- **PROBLEM**
Locate the line that contains "9. action figure at [143, 0, 182, 15]". Copy it and every following line through the end of the records, exactly, and include nothing else.

____________________

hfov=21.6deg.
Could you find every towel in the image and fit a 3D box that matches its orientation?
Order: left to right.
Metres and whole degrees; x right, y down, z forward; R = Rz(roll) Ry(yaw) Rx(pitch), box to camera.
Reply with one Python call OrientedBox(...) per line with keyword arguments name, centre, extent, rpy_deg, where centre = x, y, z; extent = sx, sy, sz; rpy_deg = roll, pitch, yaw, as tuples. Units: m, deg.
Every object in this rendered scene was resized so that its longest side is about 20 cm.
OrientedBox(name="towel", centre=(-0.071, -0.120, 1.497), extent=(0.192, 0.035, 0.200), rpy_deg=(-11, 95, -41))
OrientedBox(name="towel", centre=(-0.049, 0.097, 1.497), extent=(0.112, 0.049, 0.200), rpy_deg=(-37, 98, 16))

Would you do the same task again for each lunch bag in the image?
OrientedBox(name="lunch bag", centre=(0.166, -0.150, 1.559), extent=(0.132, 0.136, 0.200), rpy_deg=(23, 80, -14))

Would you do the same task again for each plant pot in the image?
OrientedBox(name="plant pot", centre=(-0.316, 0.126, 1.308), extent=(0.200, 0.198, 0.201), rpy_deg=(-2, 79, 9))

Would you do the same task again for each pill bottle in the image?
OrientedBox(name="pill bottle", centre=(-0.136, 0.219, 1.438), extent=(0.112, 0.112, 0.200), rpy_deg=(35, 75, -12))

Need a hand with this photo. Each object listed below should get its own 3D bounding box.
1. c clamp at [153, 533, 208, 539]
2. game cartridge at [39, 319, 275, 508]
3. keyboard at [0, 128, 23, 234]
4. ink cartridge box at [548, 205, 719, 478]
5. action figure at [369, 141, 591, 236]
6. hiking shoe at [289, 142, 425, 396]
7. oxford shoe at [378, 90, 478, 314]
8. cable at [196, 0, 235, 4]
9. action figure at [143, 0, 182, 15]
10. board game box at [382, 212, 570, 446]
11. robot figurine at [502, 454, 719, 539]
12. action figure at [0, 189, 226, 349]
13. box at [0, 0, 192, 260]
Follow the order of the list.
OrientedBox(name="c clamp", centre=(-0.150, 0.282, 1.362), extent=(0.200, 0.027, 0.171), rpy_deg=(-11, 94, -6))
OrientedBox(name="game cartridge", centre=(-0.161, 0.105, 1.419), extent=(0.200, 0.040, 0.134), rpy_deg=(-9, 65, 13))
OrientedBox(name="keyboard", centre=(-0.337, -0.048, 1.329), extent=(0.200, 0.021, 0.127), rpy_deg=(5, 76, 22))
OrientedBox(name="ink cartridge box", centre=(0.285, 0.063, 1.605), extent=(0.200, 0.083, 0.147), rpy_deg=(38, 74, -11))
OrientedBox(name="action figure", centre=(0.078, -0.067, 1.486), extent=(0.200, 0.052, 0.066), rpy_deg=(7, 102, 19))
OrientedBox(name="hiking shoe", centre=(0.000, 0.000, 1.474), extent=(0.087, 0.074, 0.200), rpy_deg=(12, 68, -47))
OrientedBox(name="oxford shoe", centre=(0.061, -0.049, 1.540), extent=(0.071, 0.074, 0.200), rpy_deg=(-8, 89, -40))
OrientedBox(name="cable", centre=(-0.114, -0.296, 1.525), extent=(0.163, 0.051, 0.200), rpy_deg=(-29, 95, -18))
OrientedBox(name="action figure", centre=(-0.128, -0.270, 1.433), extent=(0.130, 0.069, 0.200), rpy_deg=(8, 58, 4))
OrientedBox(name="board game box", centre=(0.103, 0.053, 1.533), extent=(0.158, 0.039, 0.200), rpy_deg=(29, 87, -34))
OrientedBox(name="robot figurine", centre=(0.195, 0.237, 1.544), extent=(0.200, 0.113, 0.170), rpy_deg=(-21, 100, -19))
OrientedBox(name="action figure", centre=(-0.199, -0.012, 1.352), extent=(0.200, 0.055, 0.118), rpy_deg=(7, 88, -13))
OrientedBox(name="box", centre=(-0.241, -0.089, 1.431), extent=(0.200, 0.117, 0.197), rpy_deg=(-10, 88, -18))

____________________

- **REPLY**
9. action figure at [143, 0, 182, 15]
10. board game box at [382, 212, 570, 446]
11. robot figurine at [502, 454, 719, 539]
12. action figure at [0, 189, 226, 349]
13. box at [0, 0, 192, 260]
Follow the order of the list.
OrientedBox(name="c clamp", centre=(-0.150, 0.282, 1.362), extent=(0.200, 0.027, 0.171), rpy_deg=(-11, 94, -6))
OrientedBox(name="game cartridge", centre=(-0.161, 0.105, 1.419), extent=(0.200, 0.040, 0.134), rpy_deg=(-9, 65, 13))
OrientedBox(name="keyboard", centre=(-0.337, -0.048, 1.329), extent=(0.200, 0.021, 0.127), rpy_deg=(5, 76, 22))
OrientedBox(name="ink cartridge box", centre=(0.285, 0.063, 1.605), extent=(0.200, 0.083, 0.147), rpy_deg=(38, 74, -11))
OrientedBox(name="action figure", centre=(0.078, -0.067, 1.486), extent=(0.200, 0.052, 0.066), rpy_deg=(7, 102, 19))
OrientedBox(name="hiking shoe", centre=(0.000, 0.000, 1.474), extent=(0.087, 0.074, 0.200), rpy_deg=(12, 68, -47))
OrientedBox(name="oxford shoe", centre=(0.061, -0.049, 1.540), extent=(0.071, 0.074, 0.200), rpy_deg=(-8, 89, -40))
OrientedBox(name="cable", centre=(-0.114, -0.296, 1.525), extent=(0.163, 0.051, 0.200), rpy_deg=(-29, 95, -18))
OrientedBox(name="action figure", centre=(-0.128, -0.270, 1.433), extent=(0.130, 0.069, 0.200), rpy_deg=(8, 58, 4))
OrientedBox(name="board game box", centre=(0.103, 0.053, 1.533), extent=(0.158, 0.039, 0.200), rpy_deg=(29, 87, -34))
OrientedBox(name="robot figurine", centre=(0.195, 0.237, 1.544), extent=(0.200, 0.113, 0.170), rpy_deg=(-21, 100, -19))
OrientedBox(name="action figure", centre=(-0.199, -0.012, 1.352), extent=(0.200, 0.055, 0.118), rpy_deg=(7, 88, -13))
OrientedBox(name="box", centre=(-0.241, -0.089, 1.431), extent=(0.200, 0.117, 0.197), rpy_deg=(-10, 88, -18))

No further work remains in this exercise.